At that point, Ginger, who was sitting in the backseat, started throwing up all over herself, her doll, and the seat. Bill Jr., who was sitting in the front seat, started gagging at the smell, and the dog had his head hanging out the window, drooling from the heat. I don’t think the smell bothered him. We were not at a place where I could pull over, so with Ginger now crying, Bill Jr. gagging, and the dog drooling, I was held captive at the wheel.

While I was thinking, What else could possibly happen? I began to imagine Bill sitting in a new air-conditioned office somewhere. I started getting furious at him for not being here to share in this memorable experience.

At that same moment, the brown berry must have gotten a tummy ache (that’s what I told the kids) because the red light came on indicating that the engine was overheating. We kept limping along in all our glory for miles until we came to an exit with a gas station. There we found a quick fix for the brown berry, a clean restroom with lots of paper towels, and a grassy spot for the dog. As we got back in the car, Bill Jr. said for the hundredth time, “Mom, how much farther is it?”

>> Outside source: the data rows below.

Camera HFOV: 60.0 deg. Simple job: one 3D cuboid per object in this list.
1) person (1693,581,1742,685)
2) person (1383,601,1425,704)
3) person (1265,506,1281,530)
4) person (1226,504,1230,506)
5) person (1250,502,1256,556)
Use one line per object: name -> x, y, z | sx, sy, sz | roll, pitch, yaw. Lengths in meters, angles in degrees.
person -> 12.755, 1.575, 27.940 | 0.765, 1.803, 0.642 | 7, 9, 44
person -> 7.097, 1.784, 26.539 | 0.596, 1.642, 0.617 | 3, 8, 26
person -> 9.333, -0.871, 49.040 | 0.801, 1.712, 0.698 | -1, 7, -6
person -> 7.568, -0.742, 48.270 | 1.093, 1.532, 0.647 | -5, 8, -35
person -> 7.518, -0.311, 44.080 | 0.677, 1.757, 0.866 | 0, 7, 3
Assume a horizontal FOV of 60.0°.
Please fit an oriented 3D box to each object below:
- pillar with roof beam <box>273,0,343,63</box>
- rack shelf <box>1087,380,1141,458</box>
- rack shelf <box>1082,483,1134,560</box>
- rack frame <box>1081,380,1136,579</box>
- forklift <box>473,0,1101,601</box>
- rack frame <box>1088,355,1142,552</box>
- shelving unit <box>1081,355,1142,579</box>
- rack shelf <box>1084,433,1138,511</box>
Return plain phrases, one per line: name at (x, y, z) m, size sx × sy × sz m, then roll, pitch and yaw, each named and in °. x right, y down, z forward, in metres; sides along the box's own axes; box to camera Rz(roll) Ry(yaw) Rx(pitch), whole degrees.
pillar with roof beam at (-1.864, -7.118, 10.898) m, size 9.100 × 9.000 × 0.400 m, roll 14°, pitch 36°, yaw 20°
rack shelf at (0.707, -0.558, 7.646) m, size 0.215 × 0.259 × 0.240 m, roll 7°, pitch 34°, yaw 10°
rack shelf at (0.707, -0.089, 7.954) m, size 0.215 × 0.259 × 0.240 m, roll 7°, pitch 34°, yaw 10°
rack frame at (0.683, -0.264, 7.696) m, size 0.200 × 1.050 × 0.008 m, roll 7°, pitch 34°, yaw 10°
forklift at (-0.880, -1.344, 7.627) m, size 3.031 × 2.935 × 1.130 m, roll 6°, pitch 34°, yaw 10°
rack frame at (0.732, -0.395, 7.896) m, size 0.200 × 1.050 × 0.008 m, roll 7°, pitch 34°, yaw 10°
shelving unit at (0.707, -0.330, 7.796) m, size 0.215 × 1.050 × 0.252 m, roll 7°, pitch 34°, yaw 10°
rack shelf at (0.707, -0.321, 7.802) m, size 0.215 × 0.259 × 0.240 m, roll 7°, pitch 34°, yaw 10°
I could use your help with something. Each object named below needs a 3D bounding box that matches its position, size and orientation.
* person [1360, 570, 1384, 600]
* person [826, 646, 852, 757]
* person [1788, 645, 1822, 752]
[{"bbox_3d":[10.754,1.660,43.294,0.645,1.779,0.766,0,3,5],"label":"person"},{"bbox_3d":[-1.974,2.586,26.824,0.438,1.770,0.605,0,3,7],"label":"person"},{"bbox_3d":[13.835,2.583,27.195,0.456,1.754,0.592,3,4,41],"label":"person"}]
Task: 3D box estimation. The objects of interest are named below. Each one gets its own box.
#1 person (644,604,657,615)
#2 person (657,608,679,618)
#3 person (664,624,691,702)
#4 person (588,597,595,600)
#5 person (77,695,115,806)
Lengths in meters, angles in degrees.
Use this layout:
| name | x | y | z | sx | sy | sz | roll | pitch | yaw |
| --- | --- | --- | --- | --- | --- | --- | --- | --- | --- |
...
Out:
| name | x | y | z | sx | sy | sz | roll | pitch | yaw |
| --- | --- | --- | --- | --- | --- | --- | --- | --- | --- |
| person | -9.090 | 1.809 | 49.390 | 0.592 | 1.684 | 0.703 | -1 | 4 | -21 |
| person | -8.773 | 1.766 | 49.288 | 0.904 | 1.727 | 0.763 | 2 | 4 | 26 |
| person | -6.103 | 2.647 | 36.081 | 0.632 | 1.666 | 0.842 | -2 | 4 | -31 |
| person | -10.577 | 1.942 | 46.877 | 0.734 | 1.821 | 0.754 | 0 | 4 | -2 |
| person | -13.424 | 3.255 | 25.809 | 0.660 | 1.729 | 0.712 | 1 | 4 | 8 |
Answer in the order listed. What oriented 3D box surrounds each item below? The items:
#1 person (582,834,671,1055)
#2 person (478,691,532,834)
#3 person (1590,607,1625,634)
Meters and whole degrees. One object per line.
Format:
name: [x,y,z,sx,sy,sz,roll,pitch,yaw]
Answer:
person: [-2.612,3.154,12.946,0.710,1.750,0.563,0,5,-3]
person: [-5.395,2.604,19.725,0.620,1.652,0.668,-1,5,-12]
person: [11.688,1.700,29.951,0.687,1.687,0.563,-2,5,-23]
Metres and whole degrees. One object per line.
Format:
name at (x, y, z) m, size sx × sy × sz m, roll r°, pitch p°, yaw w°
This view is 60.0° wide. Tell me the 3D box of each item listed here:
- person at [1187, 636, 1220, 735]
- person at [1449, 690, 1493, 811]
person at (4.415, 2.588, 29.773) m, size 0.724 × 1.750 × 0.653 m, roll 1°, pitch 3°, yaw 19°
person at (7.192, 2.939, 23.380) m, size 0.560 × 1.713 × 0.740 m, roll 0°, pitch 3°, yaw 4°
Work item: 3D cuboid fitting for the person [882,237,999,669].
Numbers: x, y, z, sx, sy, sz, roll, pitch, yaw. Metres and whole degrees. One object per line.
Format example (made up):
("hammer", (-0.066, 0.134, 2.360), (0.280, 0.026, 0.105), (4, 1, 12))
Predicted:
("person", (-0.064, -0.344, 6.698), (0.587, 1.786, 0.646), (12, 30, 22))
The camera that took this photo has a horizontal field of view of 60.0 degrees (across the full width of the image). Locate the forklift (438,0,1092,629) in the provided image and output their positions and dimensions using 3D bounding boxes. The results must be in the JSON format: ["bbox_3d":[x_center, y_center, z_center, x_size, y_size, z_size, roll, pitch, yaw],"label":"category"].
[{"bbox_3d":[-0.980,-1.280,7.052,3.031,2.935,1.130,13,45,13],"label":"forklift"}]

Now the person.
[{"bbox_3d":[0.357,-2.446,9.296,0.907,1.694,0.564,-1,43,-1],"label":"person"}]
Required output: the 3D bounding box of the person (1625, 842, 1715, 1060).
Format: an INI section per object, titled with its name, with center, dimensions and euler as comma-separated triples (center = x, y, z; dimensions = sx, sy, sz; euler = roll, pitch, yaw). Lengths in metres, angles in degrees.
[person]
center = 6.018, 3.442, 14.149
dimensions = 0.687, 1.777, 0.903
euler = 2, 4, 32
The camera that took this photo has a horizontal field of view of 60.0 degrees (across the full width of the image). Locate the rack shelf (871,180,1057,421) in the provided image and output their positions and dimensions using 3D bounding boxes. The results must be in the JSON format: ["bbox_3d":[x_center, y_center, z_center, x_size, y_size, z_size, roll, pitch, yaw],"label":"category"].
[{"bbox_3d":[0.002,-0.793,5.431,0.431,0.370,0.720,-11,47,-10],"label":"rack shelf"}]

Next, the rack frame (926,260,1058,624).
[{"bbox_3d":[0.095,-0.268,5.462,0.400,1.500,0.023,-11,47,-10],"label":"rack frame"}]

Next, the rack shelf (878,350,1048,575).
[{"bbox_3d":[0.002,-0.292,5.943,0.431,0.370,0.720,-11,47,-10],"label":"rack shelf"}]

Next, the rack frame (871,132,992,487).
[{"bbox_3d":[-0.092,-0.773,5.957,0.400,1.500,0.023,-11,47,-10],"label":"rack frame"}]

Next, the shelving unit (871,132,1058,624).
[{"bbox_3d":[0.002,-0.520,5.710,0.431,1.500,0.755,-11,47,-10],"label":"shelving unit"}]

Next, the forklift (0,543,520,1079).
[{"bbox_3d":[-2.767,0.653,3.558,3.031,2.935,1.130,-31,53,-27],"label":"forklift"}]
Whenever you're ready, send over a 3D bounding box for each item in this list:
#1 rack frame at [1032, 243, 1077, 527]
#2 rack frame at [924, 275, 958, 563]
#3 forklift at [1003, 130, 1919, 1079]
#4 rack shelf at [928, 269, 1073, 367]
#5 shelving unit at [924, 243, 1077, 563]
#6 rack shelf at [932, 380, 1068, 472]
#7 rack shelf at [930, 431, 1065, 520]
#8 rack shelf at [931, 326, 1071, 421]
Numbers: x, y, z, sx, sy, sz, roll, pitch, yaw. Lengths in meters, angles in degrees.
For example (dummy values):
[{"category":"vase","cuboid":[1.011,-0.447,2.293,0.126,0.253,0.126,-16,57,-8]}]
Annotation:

I’m sure you can identify with my road trip in some way. We have all had our moments of traveling chaos and calamity that eventually become memories to share and laugh about later.

Whether you are moving, on vacation, or on a road trip to visit family, pack these practical tip ideas to ease the miles to your destination.

  • A kitchen timer can be used on a trip in several ways: “It’s your time to share” or “We’ll stop for a break when the timer goes off.”
  • Take a roll of paper towels, small garbage bags, wet wipes, and Ziploc bags in the car for cleanup, diapers, and trash. You’ll be glad you did!
  • Air freshener really comes in handy. It covers food odors, plus all those other unpleasant smells we don’t have to mention.
  • A first aid kit. Make sure the one you have is not outdated.
  • A cooler with favorite snacks, juice, fruit, and sandwiches. Include a heavy-duty Ziploc bag filled with ice to soothe any minor bumps, cuts, or scrapes.
  • For long trips, take several gallons of water. Small bottles of water don’t last very long.
  • Don’t forget a small water bowl for your pet. Put someone in charge of keeping your dog’s leash.
  • When you are staying at a hotel overnight, stop late in the afternoon in time for the kids to go swimming and work off some energy before bedtime.
  • Get up for an early departure to get a good start on the day. The kids might sleep through the first few hours of the morning.

Here are some things to do that will help your family “move” closer together on any trip:

  • Share your biggest concerns about the trip. Talk about how you can avoid those problems.
  • Practice these words: “This is our big adventure!” Attitude is everything.
  • Start your trip with a “God hunt”. Look for God in everything. It helps your children think about seeing God in every aspect of their lives. “I see God in our move. He did….” I see God taking care of us on this trip. He has….”
  • Give an example of what it looks like to be kind, thoughtful, and patient with one another.
  • Before you begin the trip to your new destination, pray together as a family.
  • And don’t forget to make your road trip an adventure, make it fun, and make it meaningful!

‘For I know the plans that I have for you,’ declares the Lord, ‘plans for welfare and not for calamity to give you a future and a hope.’ Jeremiah 29:11 NASB

From My Heart to Yours,

Susan Miller

From Susan’s book, But Mom, I Don’t Want to Move!